IAPAC Supports Formation of UN Group of Friends for Hepatitis Elimination
Statement by Dr. José M. Zuniga, President/CEO, IAPAC and Fast-Track Cities Institute
20 September 2022 – UNGA Side Event: Building Solidarity for Hepatitis Elimination
Thank you for inviting me to join you for this United Nations General Assembly side event focused on building solidarity for hepatitis elimination. I wish I could be with you in New York City, but I am grateful to the Coalition for Global Hepatitis Elimination and the Task Force for Global Health for making my virtual participation possible.
For reference, the International Association of Providers of AIDS Care (IAPAC) is a global medical association representing more than 30,000 clinicians delivering care and treatment services for people living with HIV and comorbid diseases, including viral hepatitis. We are also the core technical partner to the Fast-Track Cities network, which numbers more than 400 cities and municipalities. These cities and municipalities are also supported by the Fast-Track Cities Institute through implementation science and operational research activities.

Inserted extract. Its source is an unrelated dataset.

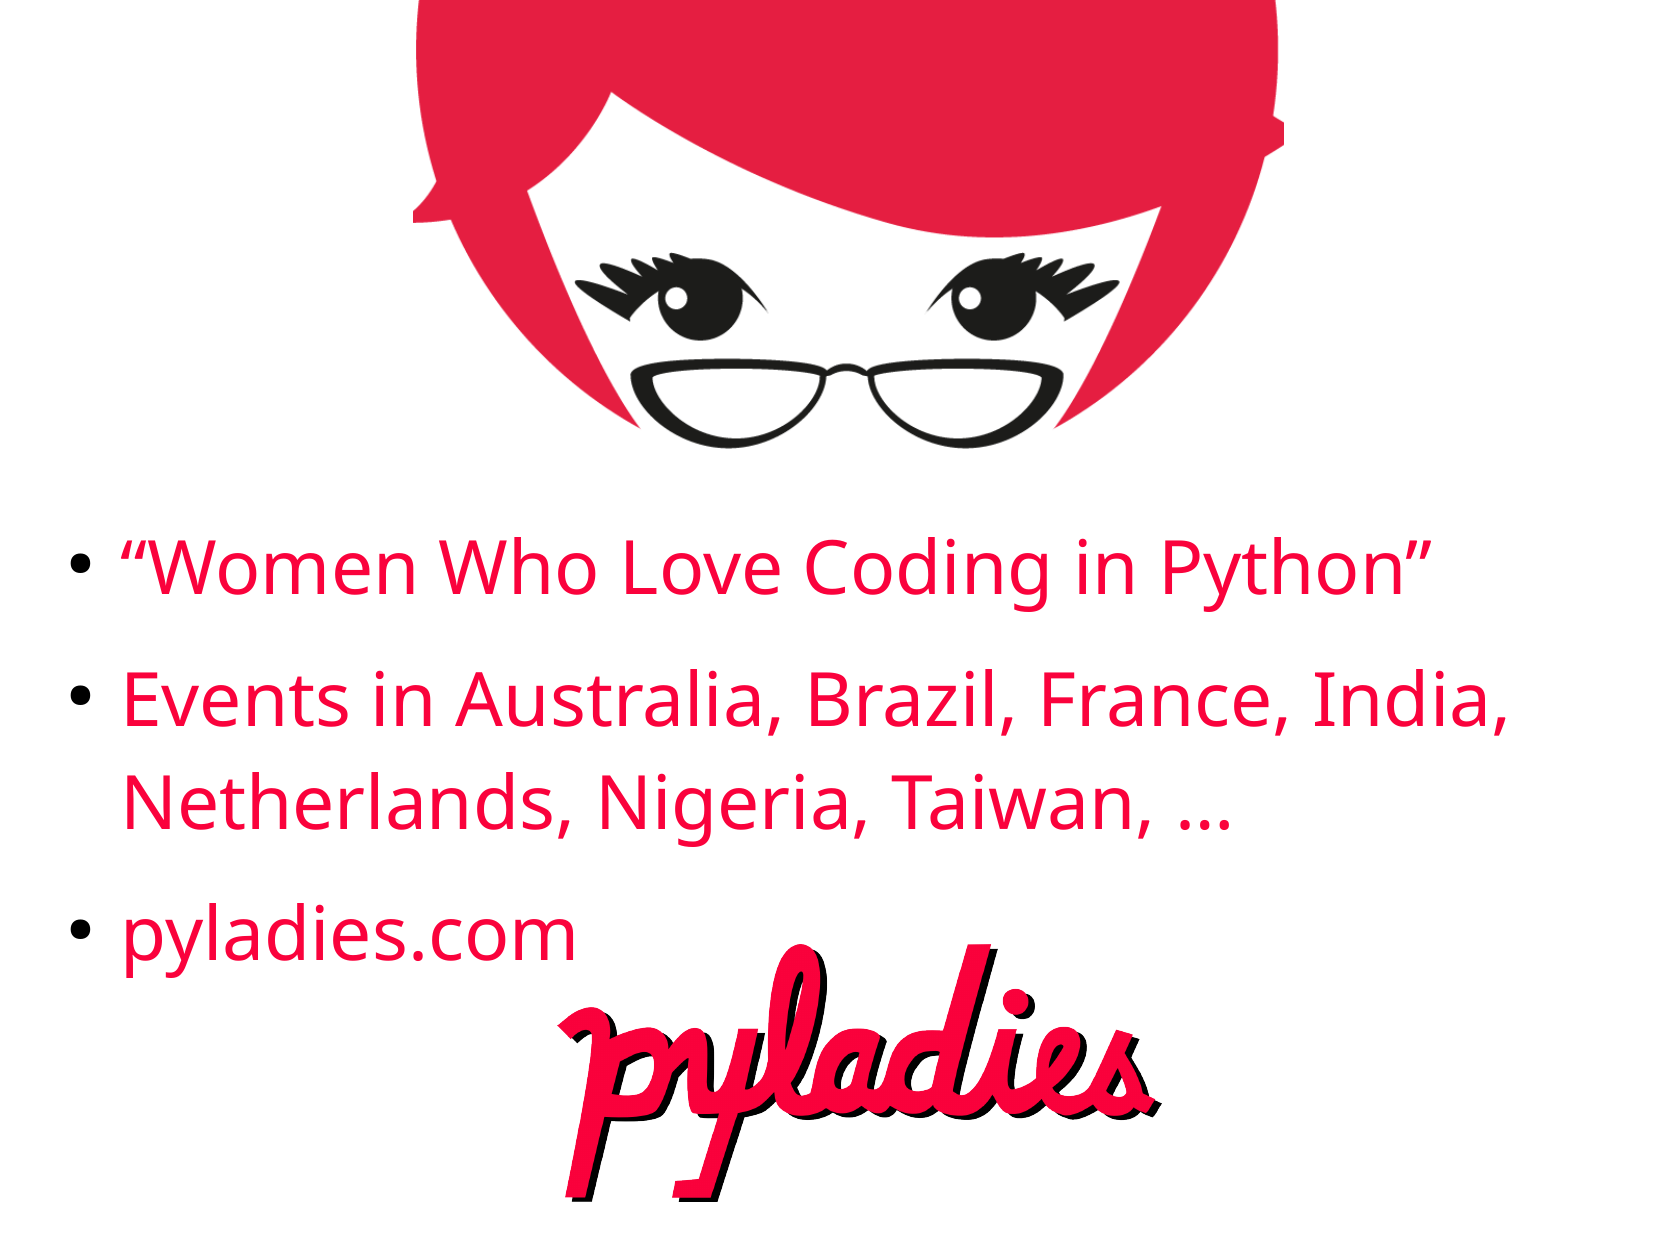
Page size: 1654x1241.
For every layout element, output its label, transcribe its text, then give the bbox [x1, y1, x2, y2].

picture [413, 0, 1284, 477]
picture [557, 944, 1162, 1202]
list “Women Who Love Coding in Python” Events in Australia, Brazil, France, India, Netherlands, Nigeria, Taiwan, … pyladies.com [49, 514, 1654, 1241]

While at its launch in 2014 the Fast-Track Cities network was initially focused on ending urban HIV epidemics with some cross-over into addressing TB coinfection, in 2019 the network’s mandate was expanded to ending urban TB irrespective of coinfection as well as embracing and urbanizing the WHO’s goals of eliminating HBV and HCV by 2030.

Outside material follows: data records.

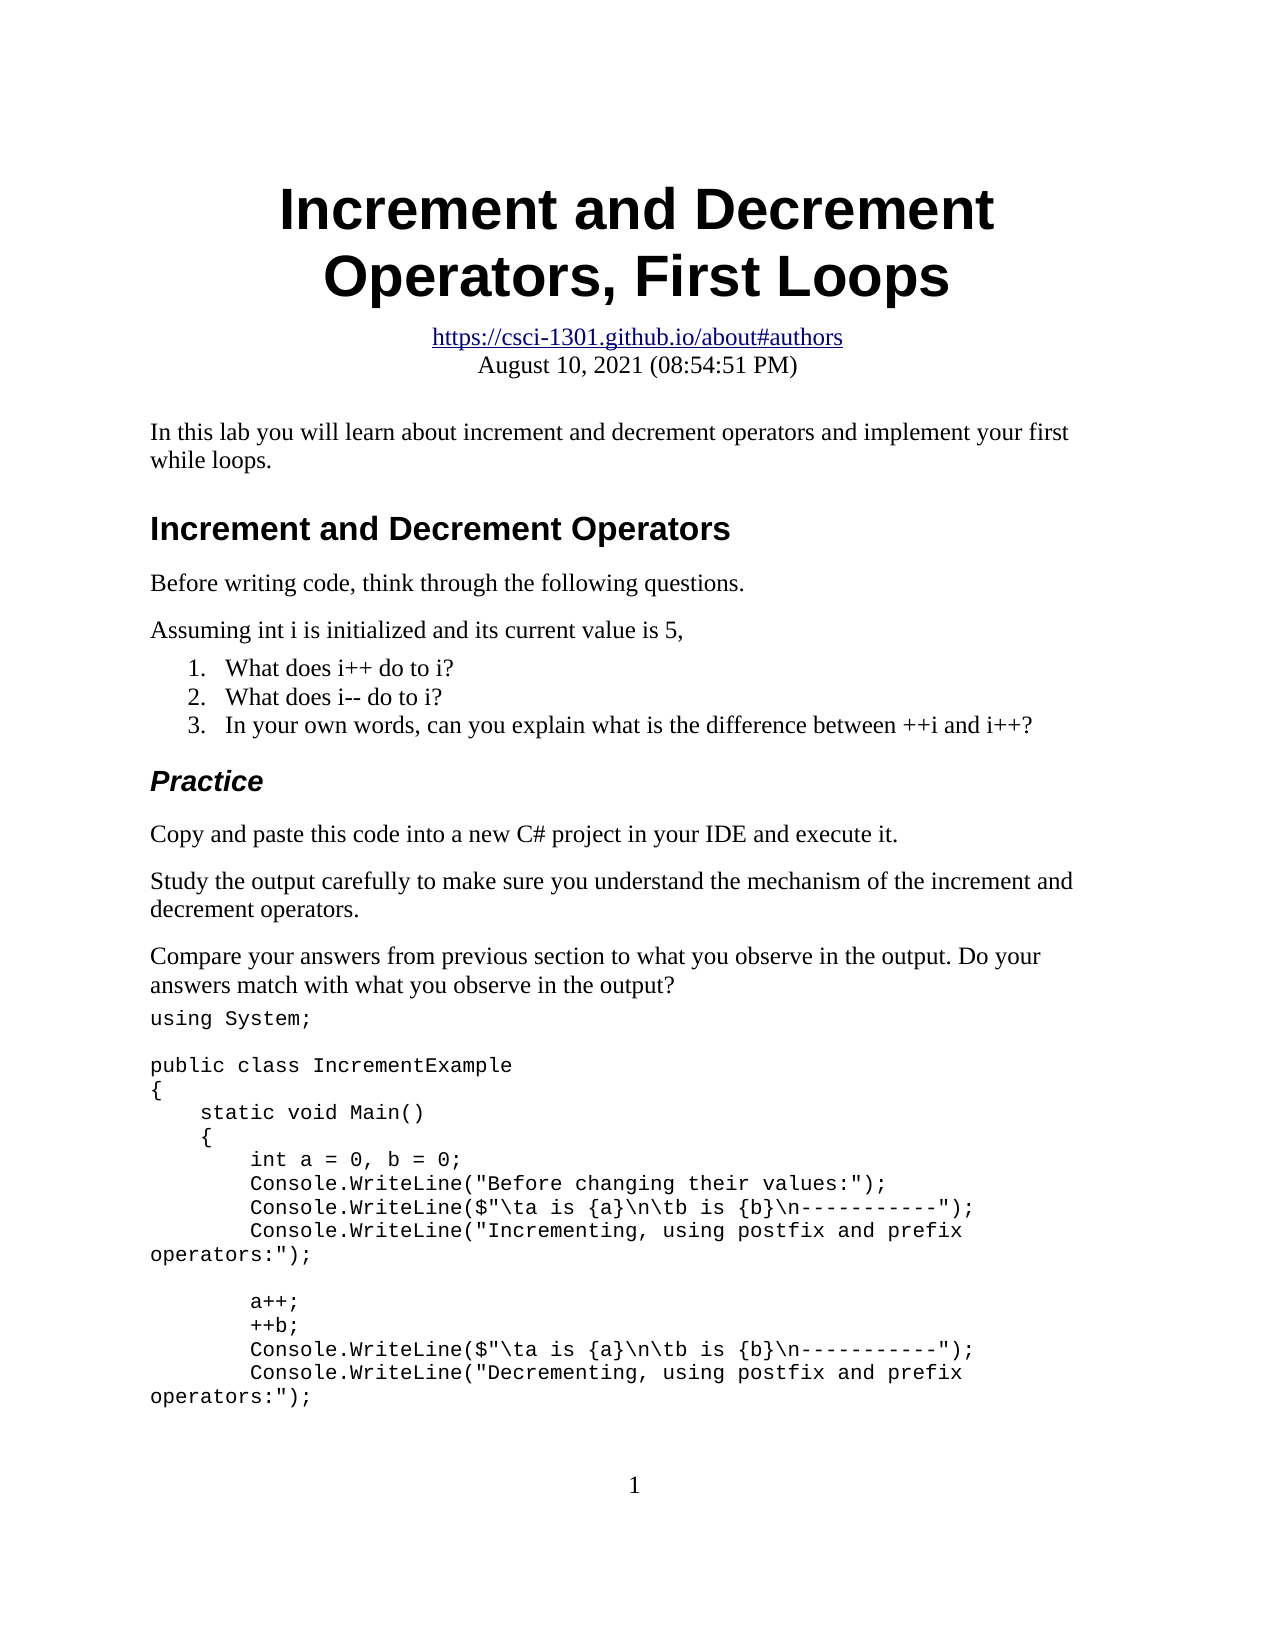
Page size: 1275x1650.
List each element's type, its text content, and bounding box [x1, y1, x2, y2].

text int a = 0, b = 0; [150, 1149, 1125, 1173]
text static void Main() [150, 1102, 1125, 1126]
text In this lab you will learn about increment and decrement operators and implement your first while loops. [150, 417, 1125, 474]
text Console.WriteLine("Decrementing, using postfix and prefix operators:"); [150, 1362, 1125, 1409]
list What does i-- do to i? [187, 682, 1125, 710]
text August 10, 2021 (08:54:51 PM) [150, 350, 1125, 379]
subtitle Practice [150, 764, 1125, 798]
list What does i++ do to i? [187, 653, 1125, 682]
title Increment and Decrement Operators, First Loops [150, 175, 1125, 309]
text Study the output carefully to make sure you understand the mechanism of the increment and decrement operators. [150, 866, 1125, 923]
text Compare your answers from previous section to what you observe in the output. Do your answers match with what you observe in the output? [150, 941, 1125, 999]
text { [150, 1126, 1125, 1149]
text public class IncrementExample [150, 1055, 1125, 1078]
text Assuming int i is initialized and its current value is 5, [150, 615, 1125, 644]
text Copy and paste this code into a new C# project in your IDE and execute it. [150, 819, 1125, 848]
text Console.WriteLine("Incrementing, using postfix and prefix operators:"); [150, 1220, 1125, 1268]
text ++b; [150, 1315, 1125, 1339]
list In your own words, can you explain what is the difference between ++i and i++? [187, 710, 1125, 739]
text Console.WriteLine("Before changing their values:"); [150, 1173, 1125, 1197]
text a++; [150, 1291, 1125, 1315]
text Console.WriteLine($"\ta is {a}\n\tb is {b}\n-----------"); [150, 1339, 1125, 1362]
text Before writing code, think through the following questions. [150, 568, 1125, 597]
text { [150, 1078, 1125, 1102]
subtitle Increment and Decrement Operators [150, 508, 1125, 547]
text Console.WriteLine($"\ta is {a}\n\tb is {b}\n-----------"); [150, 1197, 1125, 1220]
text https://csci-1301.github.io/about#authors [150, 322, 1125, 350]
text using System; [150, 1008, 1125, 1031]

Our mandate’s expansion into urban HBV and HCV responses was a natural evolution for two reasons: First, given the significant advances in HIV treatment, we have the tools to guarantee people living with HIV near-normal lifespans. Why then would we wish for them to succumb to comorbid diseases and syndemic conditions? And, second, why not leverage the HIV response to facilitate greater progress in closing gaps across HBV and HCV care continua, for example? Given progress is sadly lagging to the detriment of millions of people, and because a high tide can lift all boats, we have been leveraging the HIV response across the Fast-Track Cities network to accelerate urban HBV and HCV responses.
Are we succeeding? We have been monitoring, collecting, and disseminating best practices from urban viral hepatitis elimination efforts that we posit are innovative, replicable, and scalable. Here are three examples:
- Our Fast-Track Cities colleagues in Lisbon are using community pharmacies to offer point-of-care tests for HIV, HBV, and HCV infections to expand opportunities to diagnose these three diseases outside of clinical settings, which some who accessed the testing viewed as stigmatizing.

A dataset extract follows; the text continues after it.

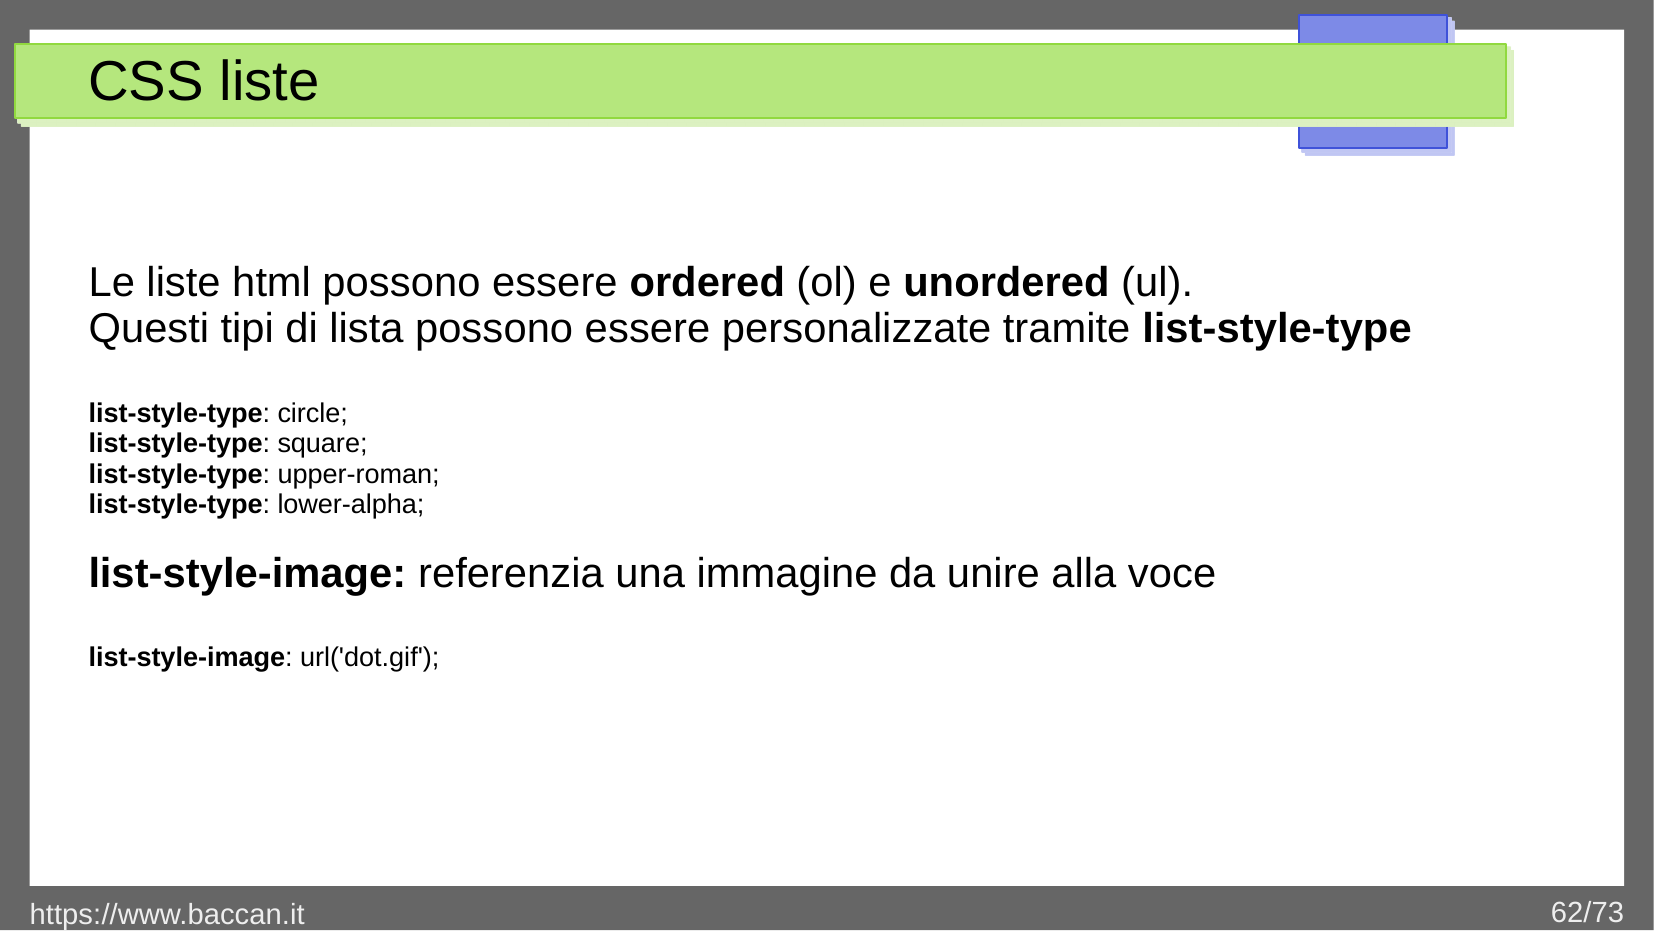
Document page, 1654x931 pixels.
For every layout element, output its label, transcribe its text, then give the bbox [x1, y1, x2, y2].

text_box Le liste html possono essere ordered (ol) e unordered (ul). Questi tipi di lista possono essere personalizzate tramite list-style-type list-style-type: circle; list-style-type: square; list-style-type: upper-roman; list-style-type: lower-alpha; list-style-image: referenzia una immagine da unire alla voce list-style-image: url('dot.gif'); [88, 186, 1565, 838]
title CSS liste [88, 44, 1506, 119]

- In Madrid, our colleagues have implemented an HIV/HCV screening program with embedded linkage to a care nurse, thus actioning differentiated service delivery in an attempt to both optimize care since, as a rule, nurse-delivered care tends to be much more person centered, and strategically expand the health workforce engaged in HCV care. Notably, the quality of care did not suffer. Indeed, only 3% of those diagnosed with HCV were lost to follow-up.
- And, in Amsterdam, our colleagues are offering testing and linkage to HCV care to clients attending homeless services as a means of conducting outreach to a hard-to-reach at-risk population. Most recent data indicate 71% of homeless people who inject drugs linked to care and 57% initiating treatment.
These are but a few examples of the urban public health leadership on display in cities and municipalities around the world, from Bangkok to Kigali and New York City to Tel Aviv. Yet, these cities and municipalities alone cannot achieve the global goals of eliminating HBV and HCV.
The new World Health Organization (WHO) Global Health Sector Strategy calls for 90% of people living with HCV to be diagnosed and of those 80% to be on treatment. My concern is that the baseline (based on 2020 data) is 30% for diagnosis and 30% on-treatment. Similarly progress towards the ambitious HBV targets when compared against baseline also reflects a need to re-focus and accelerate our efforts to eliminate HBV. Those are significant gaps requiring business unusual. In fact, we need a whole of government (including city and municipal governments) and whole of society approach, and I believe that it is in our cities and municipalities where we can be the most innovative, responsive, and timely efforts to curb morbidity and mortality related to HBV and HCV.
Bottomline, though, achieving the global goals HBV and HCV elimination requires political leadership at all jurisdictional levels, and most notably national levels, with national investments to match and adequate to the task at hand. Many countries, such as India and Egypt, and, as already noted, many cities and municipalities, are already taking bold actions, including through interventions ranging from timely administration of birth dose HBV vaccination to scaling up access to diagnostic tests and direct-acting antivirals to treat and cure HCV. But more can and must be done to avert millions of unnecessarily premature HBV- and HCV-related deaths by 2030. In fact, given the reality we have a cure for HCV, it is a public health failure of a colossal magnitude that we are not more rapidly closing gaps across the HCV continuum and thus failing to cure millions of people.
What is needed today is a re-commitment by UN member-states to work in solidarity in this common cause. That is why IAPAC and the Fast-Track Cities Institute unequivocally support the formation of a UN Group of Friends focused on attaining the attainable goal of hepatitis elimination.